**AVAILABLE DATA:**
▽
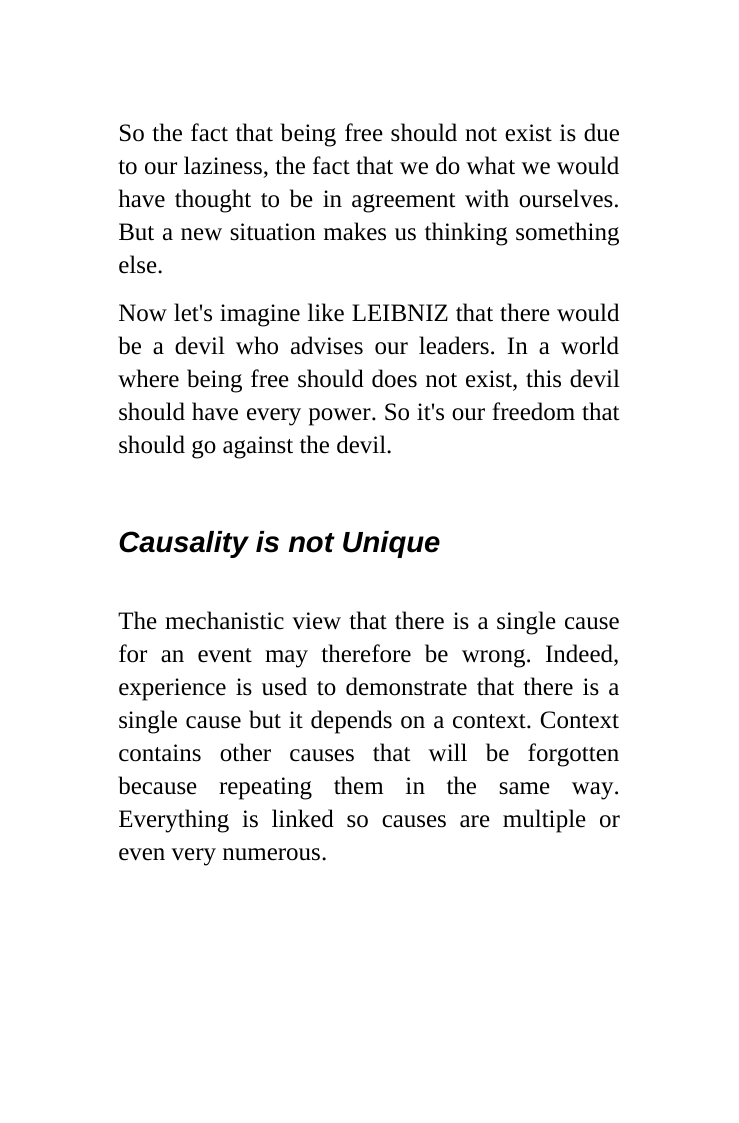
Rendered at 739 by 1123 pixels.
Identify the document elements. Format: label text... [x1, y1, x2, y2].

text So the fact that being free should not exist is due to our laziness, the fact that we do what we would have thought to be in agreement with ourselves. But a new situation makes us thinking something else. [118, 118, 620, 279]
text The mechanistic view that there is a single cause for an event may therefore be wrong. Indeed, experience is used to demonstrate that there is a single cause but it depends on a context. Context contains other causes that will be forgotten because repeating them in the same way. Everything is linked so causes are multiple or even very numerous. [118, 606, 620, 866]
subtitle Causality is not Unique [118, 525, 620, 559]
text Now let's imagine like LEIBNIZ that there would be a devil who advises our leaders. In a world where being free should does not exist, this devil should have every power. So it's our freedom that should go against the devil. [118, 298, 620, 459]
△
**ACTION ITEM:**
The listing should be transcribed in full, exactly, and without its pictures.

**RESULT BELOW:**
Rendered at 739 by 1123 pixels.
Identify the document elements. Format: label text... [x1, y1, x2, y2].

text So the fact that being free should not exist is due to our laziness, the fact that we do what we would have thought to be in agreement with ourselves. But a new situation makes us thinking something else. [118, 118, 620, 279]
text The mechanistic view that there is a single cause for an event may therefore be wrong. Indeed, experience is used to demonstrate that there is a single cause but it depends on a context. Context contains other causes that will be forgotten because repeating them in the same way. Everything is linked so causes are multiple or even very numerous. [118, 606, 620, 866]
subtitle Causality is not Unique [118, 525, 620, 559]
text Now let's imagine like LEIBNIZ that there would be a devil who advises our leaders. In a world where being free should does not exist, this devil should have every power. So it's our freedom that should go against the devil. [118, 298, 620, 459]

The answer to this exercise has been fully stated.